Is there better suggestions working (efficiently) for generic Turing models of the function `mysampler(model, N)`?

This seems to be a known issue, see Sampling from prior using return value doesn't work with MvNormal · Issue #1559 · TuringLang/Turing.jl · GitHub.
I just tested it again and the example works if you pass a single `missing` value for y. Thinking about it, it also makes sense, since `y = missing` is treated as a single multivariate missing observation.

You can then write,

``````@model function mymodel(y, l = ismissing(y) ? 1 : length(y))
θ ~ Uniform(0,1)
y ~ MvNormal(zeros(l), θ)
end

mod = mymodel(rand(10))
chn = sample(mod, Prior(), 1000)

mod_prior_pred = mymodel(missing, 10)
prior_pred = predict(mod_prior_pred, chn)
``````

which is similar to your example, but

1. As described above, y is not a vector of missing observations, but a single vector-variate missing observation,
2. The second parameter `l` describing the dimension of the multivariate observation. This is important, because if `y` is missing, nothing is known about the dimensionality and `length(missing)` is not defined. So it defaults to 1 if y is missing, but to `length(y)` if y is non-missing.

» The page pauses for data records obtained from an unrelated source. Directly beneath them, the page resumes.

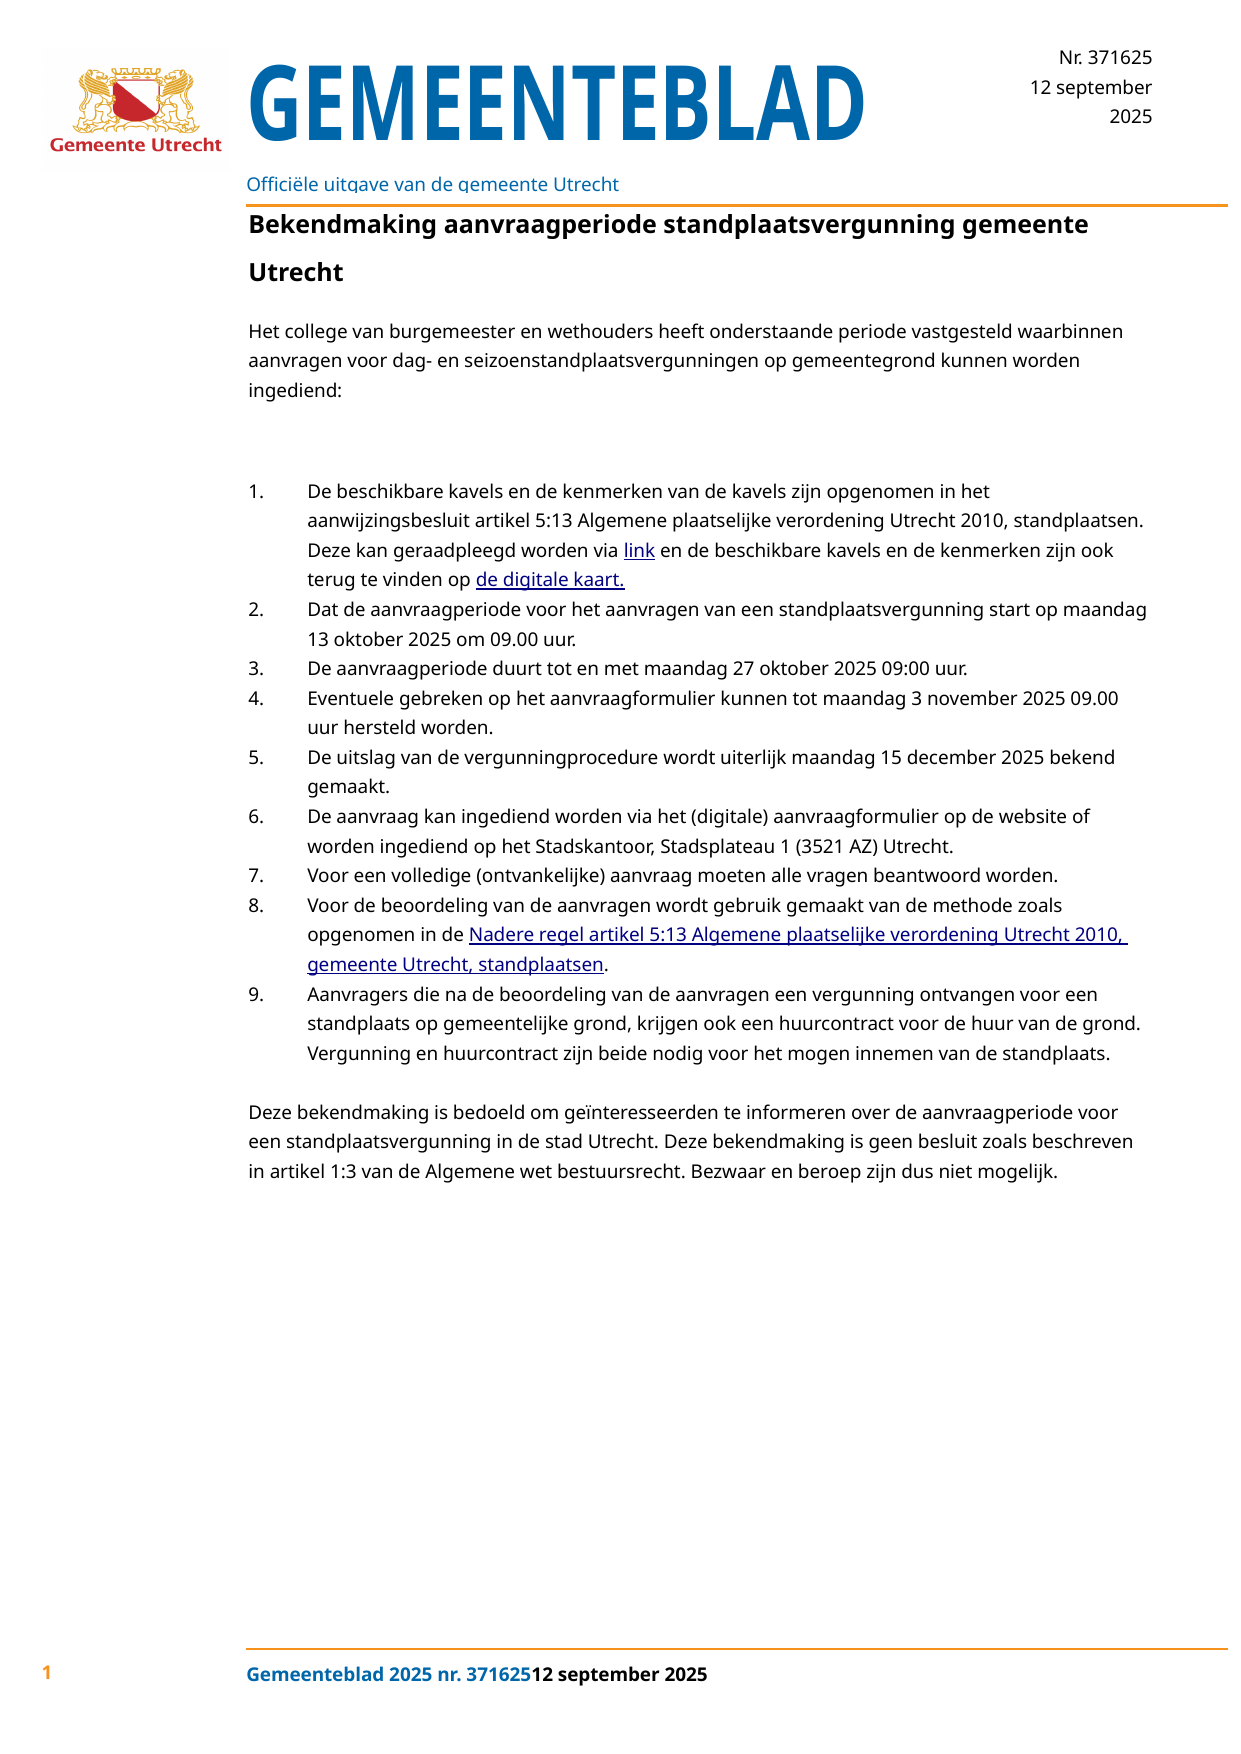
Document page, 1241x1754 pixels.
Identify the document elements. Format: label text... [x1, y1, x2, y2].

list De aanvraag kan ingediend worden via het (digitale) aanvraagformulier op de website of worden ingediend op het Stadskantoor, Stadsplateau 1 (3521 AZ) Utrecht. [248, 803, 1152, 859]
text Deze bekendmaking is bedoeld om geïnteresseerden te informeren over de aanvraagperiode voor een standplaatsvergunning in de stad Utrecht. Deze bekendmaking is geen besluit zoals beschreven in artikel 1:3 van de Algemene wet bestuursrecht. Bezwaar en beroep zijn dus niet mogelijk. [248, 1099, 1152, 1184]
list Eventuele gebreken op het aanvraagformulier kunnen tot maandag 3 november 2025 09.00 uur hersteld worden. [248, 685, 1152, 740]
list Aanvragers die na de beoordeling van de aanvragen een vergunning ontvangen voor een standplaats op gemeentelijke grond, krijgen ook een huurcontract voor de huur van de grond. Vergunning en huurcontract zijn beide nodig voor het mogen innemen van de standplaats. [248, 981, 1152, 1066]
list Dat de aanvraagperiode voor het aanvragen van een standplaatsvergunning start op maandag 13 oktober 2025 om 09.00 uur. [248, 596, 1152, 652]
list Voor een volledige (ontvankelijke) aanvraag moeten alle vragen beantwoord worden. [248, 862, 1152, 888]
list De uitslag van de vergunningprocedure wordt uiterlijk maandag 15 december 2025 bekend gemaakt. [248, 744, 1152, 799]
picture [41, 47, 231, 172]
text Het college van burgemeester en wethouders heeft onderstaande periode vastgesteld waarbinnen aanvragen voor dag- en seizoenstandplaatsvergunningen op gemeentegrond kunnen worden ingediend: [248, 318, 1152, 403]
list Voor de beoordeling van de aanvragen wordt gebruik gemaakt van de methode zoals opgenomen in de Nadere regel artikel 5:13 Algemene plaatselijke verordening Utrecht 2010, gemeente Utrecht, standplaatsen. [248, 892, 1152, 977]
list De beschikbare kavels en de kenmerken van de kavels zijn opgenomen in het aanwijzingsbesluit artikel 5:13 Algemene plaatselijke verordening Utrecht 2010, standplaatsen. Deze kan geraadpleegd worden via link en de beschikbare kavels en de kenmerken zijn ook terug te vinden op de digitale kaart. [248, 478, 1152, 592]
list De aanvraagperiode duurt tot en met maandag 27 oktober 2025 09:00 uur. [248, 655, 1152, 681]
text Bekendmaking aanvraagperiode standplaatsvergunning gemeente Utrecht [248, 207, 1152, 288]

For example to draw a 10-dimensional `y` observation:

``````mod_prior_pred = mymodel(missing, 10)
prior_pred = predict(mod_prior_pred, chn)
``````

Thanks, this works.

However, I wonder why this is much longer than just doing

``````function handmodel(N, l)
θ = zeros(N)
y = zeros(N, l)
for i in 1:N
θ[i] = rand(Uniform(0,1))
y[i,:] = rand(MvNormal(zeros(l), θ[i]))
end
return θ, y
end
``````
``````N = 1000
l = 10
@btime begin
chn = sample(mod, Prior(), N)
mod_prior_pred = mymodel(missing, l)
prior_pred = predict(mod_prior_pred, chn)
end
# 17.800 ms (392324 allocations: 21.96 MiB)
@btime handmodel(N, l)
# 122.900 μs (2004 allocations: 367.39 KiB)
``````

Is it because how Turing stores a lot of (useless in this case) info along the chain? It seems like a lot for just sampling from prior. Or is there an option I do not see?

Ideally, I would like to have an “efficient” sampler like `handmodel` using only `rand` where the input is `Turing.jl` model (because syntax is nice and if I want to use other sampling methods like NUTS(), MH() I can easily switch.

Hence, I believe the task is to extract the distributions and conditional structure (I did not succeed).

I am no expert on the Turing internals, but I think a good portion of the runtime - at least for this use case - is spent on constructing the output object. So if efficiency is an important criterion for you it is probably best to write your on prior predictive distribution just like you did with `handmodel`.